Load Balance refers to balancing loads (work tasks) and allocating them to multiple operation units, such as FTP server, Web server, enterprise core server, and other main task servers, to cooperatively complete work tasks. Load balancing is built on existing networks and provides a transparent, inexpensive and effective way to expand the bandwidth of servers and network devices, increase throughput, enhance network processing capacity, and improve network flexibility and availability.

Load balancing is one of the factors must be considered in the design of the distributed system architecture, such as Tmall, jingdong big users such as site in order to process mass user initiated in the request, it often adopts distributed servers, and through the introduction of reverse proxy, the user request is evenly distributed to each server, and the process is implementation of load balancing.

(4) Processing the request and returning it: After receiving the HTTP request from the client, the server determines how to obtain the corresponding file based on the content in the HTTP request and sends the file to the browser.

⑤ Browser rendering: the browser begins to display the page according to the response, first parsing HTML files to build a DOM tree, and then parsing CSS files to build a rendering tree. When the rendering tree is completed, the browser begins to lay out the rendering tree and draw it to the screen.

⑥ Disconnection: The client and server terminate the TCP connection by waving the hand four times. [The details are explained in the transport layer]

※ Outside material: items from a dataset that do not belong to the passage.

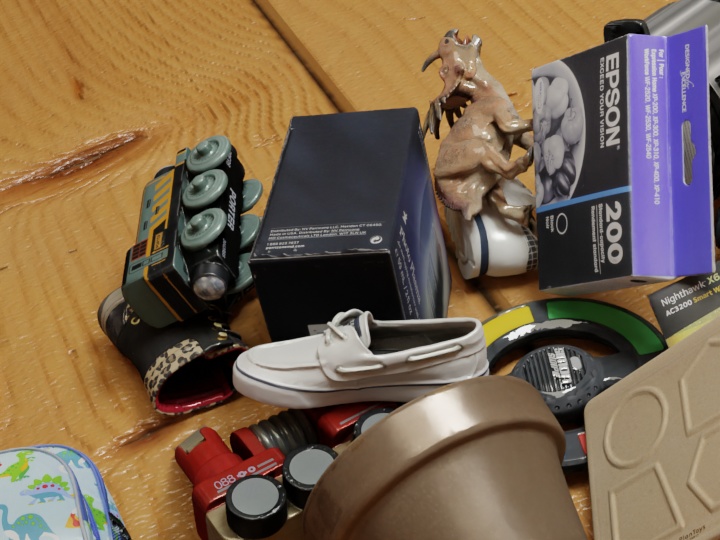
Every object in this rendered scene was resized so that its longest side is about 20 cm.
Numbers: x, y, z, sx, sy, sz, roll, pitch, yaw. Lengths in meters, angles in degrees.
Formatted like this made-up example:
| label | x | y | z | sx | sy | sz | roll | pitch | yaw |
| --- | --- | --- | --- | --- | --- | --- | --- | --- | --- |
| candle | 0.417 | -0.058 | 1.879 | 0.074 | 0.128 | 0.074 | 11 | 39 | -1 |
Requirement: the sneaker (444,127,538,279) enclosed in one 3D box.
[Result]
| label | x | y | z | sx | sy | sz | roll | pitch | yaw |
| --- | --- | --- | --- | --- | --- | --- | --- | --- | --- |
| sneaker | 0.123 | -0.066 | 1.535 | 0.080 | 0.077 | 0.200 | -5 | 45 | -4 |

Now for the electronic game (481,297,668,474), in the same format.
| label | x | y | z | sx | sy | sz | roll | pitch | yaw |
| --- | --- | --- | --- | --- | --- | --- | --- | --- | --- |
| electronic game | 0.161 | 0.092 | 1.343 | 0.199 | 0.042 | 0.200 | -8 | 38 | 6 |

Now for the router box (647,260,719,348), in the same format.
| label | x | y | z | sx | sy | sz | roll | pitch | yaw |
| --- | --- | --- | --- | --- | --- | --- | --- | --- | --- |
| router box | 0.341 | 0.050 | 1.245 | 0.199 | 0.052 | 0.158 | -27 | 58 | 14 |

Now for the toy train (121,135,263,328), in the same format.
| label | x | y | z | sx | sy | sz | roll | pitch | yaw |
| --- | --- | --- | --- | --- | --- | --- | --- | --- | --- |
| toy train | -0.151 | -0.038 | 1.452 | 0.114 | 0.085 | 0.200 | -23 | 38 | 17 |

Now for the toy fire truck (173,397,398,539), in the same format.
| label | x | y | z | sx | sy | sz | roll | pitch | yaw |
| --- | --- | --- | --- | --- | --- | --- | --- | --- | --- |
| toy fire truck | -0.070 | 0.146 | 1.298 | 0.176 | 0.129 | 0.200 | -25 | 47 | -22 |

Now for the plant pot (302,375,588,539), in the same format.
| label | x | y | z | sx | sy | sz | roll | pitch | yaw |
| --- | --- | --- | --- | --- | --- | --- | --- | --- | --- |
| plant pot | 0.083 | 0.201 | 1.136 | 0.200 | 0.201 | 0.175 | -24 | 56 | -13 |

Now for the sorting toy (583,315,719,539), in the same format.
| label | x | y | z | sx | sy | sz | roll | pitch | yaw |
| --- | --- | --- | --- | --- | --- | --- | --- | --- | --- |
| sorting toy | 0.238 | 0.130 | 1.177 | 0.185 | 0.036 | 0.200 | -39 | 30 | 37 |

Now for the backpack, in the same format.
| label | x | y | z | sx | sy | sz | roll | pitch | yaw |
| --- | --- | --- | --- | --- | --- | --- | --- | --- | --- |
| backpack | -0.261 | 0.220 | 1.225 | 0.182 | 0.147 | 0.200 | -16 | 36 | -7 |

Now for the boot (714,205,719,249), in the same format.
| label | x | y | z | sx | sy | sz | roll | pitch | yaw |
| --- | --- | --- | --- | --- | --- | --- | --- | --- | --- |
| boot | 0.369 | -0.003 | 1.374 | 0.168 | 0.077 | 0.200 | 18 | 52 | 39 |

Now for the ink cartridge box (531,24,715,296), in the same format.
| label | x | y | z | sx | sy | sz | roll | pitch | yaw |
| --- | --- | --- | --- | --- | --- | --- | --- | --- | --- |
| ink cartridge box | 0.210 | -0.086 | 1.331 | 0.043 | 0.199 | 0.200 | 2 | -7 | -27 |

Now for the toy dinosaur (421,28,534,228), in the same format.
| label | x | y | z | sx | sy | sz | roll | pitch | yaw |
| --- | --- | --- | --- | --- | --- | --- | --- | --- | --- |
| toy dinosaur | 0.100 | -0.112 | 1.477 | 0.135 | 0.086 | 0.201 | 11 | 58 | 19 |

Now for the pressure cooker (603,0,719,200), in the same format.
| label | x | y | z | sx | sy | sz | roll | pitch | yaw |
| --- | --- | --- | --- | --- | --- | --- | --- | --- | --- |
| pressure cooker | 0.276 | -0.135 | 1.470 | 0.176 | 0.179 | 0.200 | 45 | 49 | 13 |

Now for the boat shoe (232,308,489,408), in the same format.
| label | x | y | z | sx | sy | sz | roll | pitch | yaw |
| --- | --- | --- | --- | --- | --- | --- | --- | --- | --- |
| boat shoe | -0.001 | 0.061 | 1.258 | 0.199 | 0.066 | 0.074 | -3 | 29 | 1 |

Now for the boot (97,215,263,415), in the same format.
| label | x | y | z | sx | sy | sz | roll | pitch | yaw |
| --- | --- | --- | --- | --- | --- | --- | --- | --- | --- |
| boot | -0.128 | 0.040 | 1.465 | 0.199 | 0.073 | 0.151 | -25 | 39 | -9 |

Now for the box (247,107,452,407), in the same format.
| label | x | y | z | sx | sy | sz | roll | pitch | yaw |
| --- | --- | --- | --- | --- | --- | --- | --- | --- | --- |
| box | 0.000 | 0.000 | 1.375 | 0.123 | 0.201 | 0.199 | -4 | 39 | 12 |
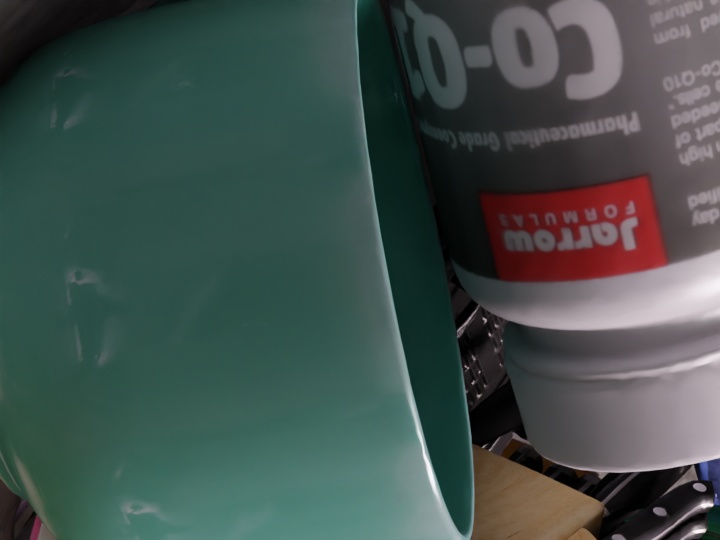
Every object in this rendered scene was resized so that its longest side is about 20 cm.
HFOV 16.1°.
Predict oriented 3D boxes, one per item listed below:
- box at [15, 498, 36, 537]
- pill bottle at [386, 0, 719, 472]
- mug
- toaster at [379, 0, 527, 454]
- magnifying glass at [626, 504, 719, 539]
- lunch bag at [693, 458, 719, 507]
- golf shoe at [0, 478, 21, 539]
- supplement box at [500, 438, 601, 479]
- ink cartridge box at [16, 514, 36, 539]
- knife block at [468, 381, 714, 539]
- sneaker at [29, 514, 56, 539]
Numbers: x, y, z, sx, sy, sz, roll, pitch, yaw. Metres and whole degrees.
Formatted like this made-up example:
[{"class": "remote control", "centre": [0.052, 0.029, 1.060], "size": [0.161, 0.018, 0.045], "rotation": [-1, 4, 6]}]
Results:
[{"class": "box", "centre": [-0.091, 0.028, 0.930], "size": [0.200, 0.041, 0.039], "rotation": [-49, 173, -13]}, {"class": "pill bottle", "centre": [0.070, -0.054, 0.702], "size": [0.113, 0.201, 0.114], "rotation": [-13, -163, 4]}, {"class": "mug", "centre": [-0.039, 0.003, 0.678], "size": [0.114, 0.153, 0.185], "rotation": [-11, -167, 7]}, {"class": "toaster", "centre": [0.000, 0.000, 0.847], "size": [0.181, 0.118, 0.200], "rotation": [-53, 159, -11]}, {"class": "magnifying glass", "centre": [0.061, 0.110, 0.853], "size": [0.079, 0.023, 0.200], "rotation": [0, -168, 42]}, {"class": "lunch bag", "centre": [0.171, -0.006, 0.894], "size": [0.135, 0.133, 0.200], "rotation": [-10, 155, 7]}, {"class": "golf shoe", "centre": [-0.137, 0.103, 0.806], "size": [0.200, 0.097, 0.078], "rotation": [-46, 171, -41]}, {"class": "supplement box", "centre": [0.026, 0.152, 0.919], "size": [0.067, 0.069, 0.200], "rotation": [99, 12, -50]}, {"class": "ink cartridge box", "centre": [-0.068, 0.101, 1.035], "size": [0.200, 0.145, 0.145], "rotation": [-46, 172, -33]}, {"class": "knife block", "centre": [0.014, 0.090, 0.767], "size": [0.176, 0.199, 0.064], "rotation": [-112, -153, -60]}, {"class": "sneaker", "centre": [-0.044, 0.134, 0.831], "size": [0.200, 0.087, 0.074], "rotation": [69, 38, -56]}]
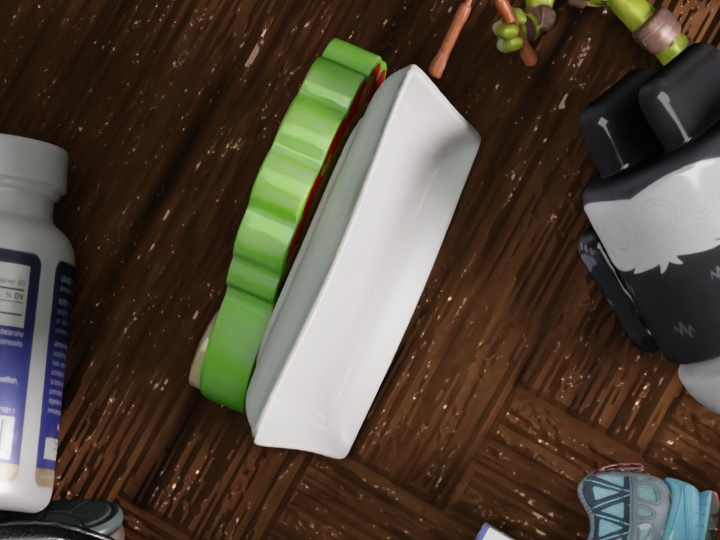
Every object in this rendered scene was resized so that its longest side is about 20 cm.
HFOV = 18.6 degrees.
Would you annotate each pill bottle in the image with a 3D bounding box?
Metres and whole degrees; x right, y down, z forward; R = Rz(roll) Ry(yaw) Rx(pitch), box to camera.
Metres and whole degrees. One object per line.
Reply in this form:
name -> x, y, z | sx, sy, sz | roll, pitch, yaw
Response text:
pill bottle -> -0.217, 0.028, 1.205 | 0.115, 0.116, 0.201 | 5, 82, 4

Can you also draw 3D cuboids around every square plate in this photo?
square plate -> 0.000, 0.000, 1.156 | 0.028, 0.198, 0.200 | 23, 88, 14

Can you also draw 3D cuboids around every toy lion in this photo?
toy lion -> -0.036, -0.020, 1.160 | 0.068, 0.192, 0.201 | 23, 89, 6

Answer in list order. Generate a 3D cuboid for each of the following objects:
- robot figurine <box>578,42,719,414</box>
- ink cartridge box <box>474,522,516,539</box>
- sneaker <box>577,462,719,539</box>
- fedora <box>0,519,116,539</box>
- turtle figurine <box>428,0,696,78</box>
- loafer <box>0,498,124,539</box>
robot figurine -> 0.197, -0.018, 1.172 | 0.125, 0.150, 0.200 | -31, 98, -8
ink cartridge box -> 0.133, 0.227, 1.214 | 0.200, 0.037, 0.095 | 29, 89, 2
sneaker -> 0.118, 0.199, 1.172 | 0.095, 0.079, 0.200 | 21, 79, 14
fedora -> -0.196, 0.217, 1.157 | 0.200, 0.201, 0.092 | -20, 48, 2
turtle figurine -> 0.135, -0.161, 1.222 | 0.161, 0.064, 0.200 | 31, 80, -3
loafer -> -0.222, 0.175, 1.231 | 0.199, 0.072, 0.063 | -11, 104, 9
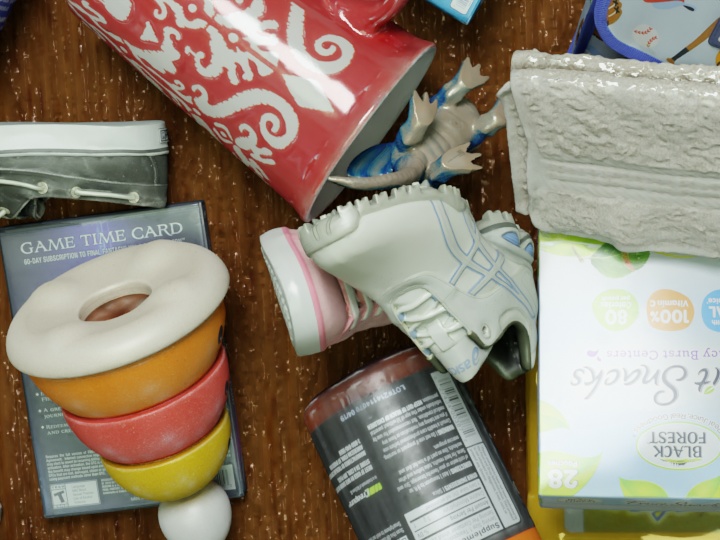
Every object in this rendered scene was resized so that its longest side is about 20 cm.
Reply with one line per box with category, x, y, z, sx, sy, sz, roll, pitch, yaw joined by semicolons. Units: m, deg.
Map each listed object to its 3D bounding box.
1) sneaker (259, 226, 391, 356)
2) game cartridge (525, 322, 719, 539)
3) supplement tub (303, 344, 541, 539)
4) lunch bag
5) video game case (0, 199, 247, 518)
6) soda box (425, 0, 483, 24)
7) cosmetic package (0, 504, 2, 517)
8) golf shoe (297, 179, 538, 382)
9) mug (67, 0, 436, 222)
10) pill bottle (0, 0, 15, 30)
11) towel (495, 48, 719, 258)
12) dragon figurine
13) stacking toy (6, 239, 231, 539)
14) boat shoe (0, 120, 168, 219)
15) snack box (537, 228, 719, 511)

7.13 B/S Architecture and C/S Architecture

C/S(Client/Server) refers to the Client and Server. Client software must be installed on the Client to access the Server, such as QQ and Feisin, as shown in the following figure:B/S(Browser/Server) refers to the Browser and the Server side. There is no need to install special software on the client side, as long as a Browser. B/S architecture is a typical C/S architecture, and B/S system uses Http protocol, as shown in the following figure

7.13.1 Comparison between B/S Architecture and C/S Architecture

  1. B/S and C/S have their strengths and both are very important computing architectures today
  2. B/S is much better than C/S in terms of Internet availability, maintenance workload, etc
  3. The B/S architecture needs to focus on the compatibility of the system in different browsers, such as Internet Explorer (IE6/7/8/9), Firefox and Google Chrome
  4. C/S architecture needs to consider the system installation and anti-installation (can not make rogue software), which platform to support (such as Win32, Win64, Linux32, etc.)
  5. The client does not need to be maintained and is suitable for large user groups or situations where customer requirements often change. C/S relieves server-side stress
  6. C/S architecture can give full play to the processing capacity of the client PC, so in terms of business performance, C/S is much stronger than B/S. For example, many large games can not be made into B/S system, but can only be made into C/S system

7.14 Processes and Threads

  1. Process: A process can run independently in the operating system and serves as the basic unit of resource allocation. Represents a program running in memory.
  2. Thread: A thread is an instance of a process that serves as the basic unit of system scheduling and dispatching. A sequence in a process that performs a function in the process.
  3. The difference between a process and a thread
  • (1) The same process can contain multiple threads, a process contains at least one thread, a thread can only exist in one process.
  • (2) All threads in the same process can share the resources in the process. (At runtime, the system allocates a different area of memory for each process, but not for threads. A thread can only share the resources of the process it belongs to.
  • (3) After the process ends, all threads under the process will be destroyed, and the termination of one thread will not affect other threads under the same process.
  • (4) thread is a lightweight process, its creation and destruction of the time needed much smaller than the process, all the operating system’s execution function is to create threads to complete.
  • (5) Threads are synchronous and mutually exclusive during execution because they share resources under the same process.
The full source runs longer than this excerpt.